Once again, as you see and study code fragments like this, you will store this pattern away in your mind for later use in other programs. The more code you examine, the better your will become. What you are really doing is training your brain to think things through at a fine level of detail, and thinking hard to make sure this all works.

OMG! I am testing my test code!

The output now shows that I am breaking up my test set lines as needed:

|ACC| -> Austin Community College
|ACC| -> Austin Community College
|acc| -> Austin Community College
|aCa| -> Austin COmmunity COllege
|OOP| -> OOP
|oop| -> OOP
|oOp| -> OOP

Step 3 - Making the test report what it finds

Now, I am going to make this test code report success or failure!. The idea is to call the test function and get its return value. We want to compare what we get to the substitution string our test_set.data`` file says we should get. We will report failures, and just count successes for a final report:

#include <iostream>
#include <fstream>
#include <ctype.h>
#include "term_expander.h"

string term, substitution;

using namespace std;

void split_line(string line){
    int len = line.length();
    int i;
    char c;
    term = "";
    // scan the line ito build term, stopping on white space
    for(i = 0; i< len; i++) {
        c = line[i];
        if(isalpha(c) || c == '|') term.append(1,c);
        else break;
    }
    //now skip any white space
    for(;i<len;i++) {
        c = line[i];
        if(isalpha(c)) break;
    }
    // finally, copy the rest of the line ito substitution
    substitution = "";
    for(;i<len;i++) substitution.append(1,line[i]);
}

int main(int argc, char ** argv) {
    ifstream test_set;   // reads the acronym data set
    string acronym;
    string test_line;
    string result;
    char c;
    int tests_passed = 0;
    int tests_failed = 0;

    // open up the test file
    test_set.open("test_set.data", ios::in);
    if(test_set.is_open()) {
        // we have test to try
        
        getline(test_set, test_line);
        while(!test_set.eof()) {
            split_line(test_line);
            // test the function here:
            result = term_expander(term);
            if(result == substitution) tests_passed++;
            else {
                cout << "Fail! " << result << " does not match " << substitution << endl;
                tests_failed++;
            }
            getline(test_set, test_line);
        }
    }
    test_set.close();
    cout << tests_passed << "tests passed" << endl;
    cout << tests_failed << "tests failed" << endl;
}


Look closely at how this works! The term we extracted from each test set line is handed to the term_expander function, and the result we get back is stored in result. We then compare that result with the string we found on the test set line, which is stored in substitution. If they match, we add one to the counter indicating tests passed. If they do not match, we report the error, and add one to the tests failed counter. AT the end of the program we report the final results. Here is what I saw now:

Fail! |ACC| does not match Austin Community College
Fail! |ACC| does not match Austin Community College
Fail! |acc| does not match Austin Community College
Fail! |aCa| does not match Austin COmmunity COllege
Fail! |OOP| does not match OOP
Fail! |oop| does not match OOP
Fail! |oOp| does not match OOP
0tests passed
7tests failed

Well, that is no good, all the tests failed.

Test Driven Development

What we just did was to build a test fixture we can use to test out term_expander function as we work on it. Our goal is to make all the tests pass. Every time we add something to the function, we hope we are moving closer to a finished product. Out tests will tell us if that is so. We can always add more tests to the test_set.data file as we think them up!

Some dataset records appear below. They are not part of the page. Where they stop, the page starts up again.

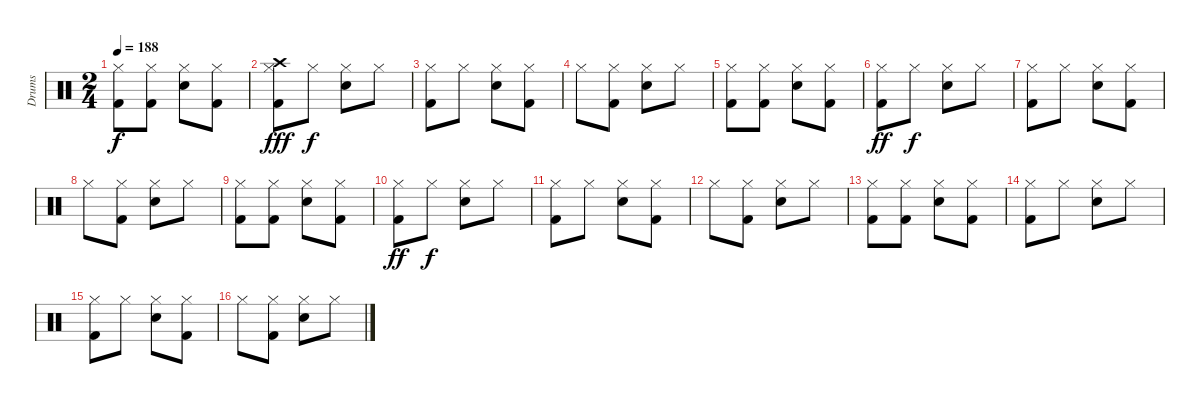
\track ("Drums" "Drums") {instrument percussion}
\staff {score}
\articulation defaults
\ts (2 4)
\tempo 188
\clef neutral
\ks c
("Hi-Hat (closed)" "Kick (hit) 2").8{dy f} ("Hi-Hat (closed)" "Kick (hit) 2").8 ("Hi-Hat (closed)" "Snare (hit) 2").8 ("Hi-Hat (closed)" "Kick (hit) 2").8 |
("Crash high (hit)" "Hi-Hat (closed)" "Kick (hit) 2").8{dy fff} "Hi-Hat (closed)".8{dy f} ("Hi-Hat (closed)" "Snare (hit) 2").8 "Hi-Hat (closed)".8 |
("Hi-Hat (closed)" "Kick (hit) 2").8 "Hi-Hat (closed)".8 ("Hi-Hat (closed)" "Snare (hit) 2").8 ("Hi-Hat (closed)" "Kick (hit) 2").8 |
"Hi-Hat (closed)".8 ("Hi-Hat (closed)" "Kick (hit) 2").8 ("Hi-Hat (closed)" "Snare (hit) 2").8 "Hi-Hat (closed)".8 |
("Hi-Hat (closed)" "Kick (hit) 2").8 ("Hi-Hat (closed)" "Kick (hit) 2").8 ("Hi-Hat (closed)" "Snare (hit) 2").8 ("Hi-Hat (closed)" "Kick (hit) 2").8 |
("Hi-Hat (closed)" "Kick (hit) 2").8{dy ff} "Hi-Hat (closed)".8{dy f} ("Hi-Hat (closed)" "Snare (hit) 2").8 "Hi-Hat (closed)".8 |
("Hi-Hat (closed)" "Kick (hit) 2").8 "Hi-Hat (closed)".8 ("Hi-Hat (closed)" "Snare (hit) 2").8 ("Hi-Hat (closed)" "Kick (hit) 2").8 |
"Hi-Hat (closed)".8 ("Hi-Hat (closed)" "Kick (hit) 2").8 ("Hi-Hat (closed)" "Snare (hit) 2").8 "Hi-Hat (closed)".8 |
("Hi-Hat (closed)" "Kick (hit) 2").8 ("Hi-Hat (closed)" "Kick (hit) 2").8 ("Hi-Hat (closed)" "Snare (hit) 2").8 ("Hi-Hat (closed)" "Kick (hit) 2").8 |
("Hi-Hat (closed)" "Kick (hit) 2").8{dy ff} "Hi-Hat (closed)".8{dy f} ("Hi-Hat (closed)" "Snare (hit) 2").8 "Hi-Hat (closed)".8 |
("Hi-Hat (closed)" "Kick (hit) 2").8 "Hi-Hat (closed)".8 ("Hi-Hat (closed)" "Snare (hit) 2").8 ("Hi-Hat (closed)" "Kick (hit) 2").8 |
"Hi-Hat (closed)".8 ("Hi-Hat (closed)" "Kick (hit) 2").8 ("Hi-Hat (closed)" "Snare (hit) 2").8 "Hi-Hat (closed)".8 |
("Hi-Hat (closed)" "Kick (hit) 2").8 ("Hi-Hat (closed)" "Kick (hit) 2").8 ("Hi-Hat (closed)" "Snare (hit) 2").8 ("Hi-Hat (closed)" "Kick (hit) 2").8 |
("Hi-Hat (closed)" "Kick (hit) 2").8 "Hi-Hat (closed)".8 ("Hi-Hat (closed)" "Snare (hit) 2").8 "Hi-Hat (closed)".8 |
("Hi-Hat (closed)" "Kick (hit) 2").8 "Hi-Hat (closed)".8 ("Hi-Hat (closed)" "Snare (hit) 2").8 ("Hi-Hat (closed)" "Kick (hit) 2").8 |
"Hi-Hat (closed)".8 ("Hi-Hat (closed)" "Kick (hit) 2").8 ("Hi-Hat (closed)" "Snare (hit) 2").8 "Hi-Hat (closed)".8

This is the real way software is being developed in huge projects today. Obviously, this is beyond what you could have done earlier in the course, but you could start using this approach now that you are starting to learn what all this programming stuff is all about. Have fun. This actually makes programming a lot more satisfying. Added to my “Baby Step” approach, and you will find programming can be a lot of fun! (Even if it is hard work at the same time!)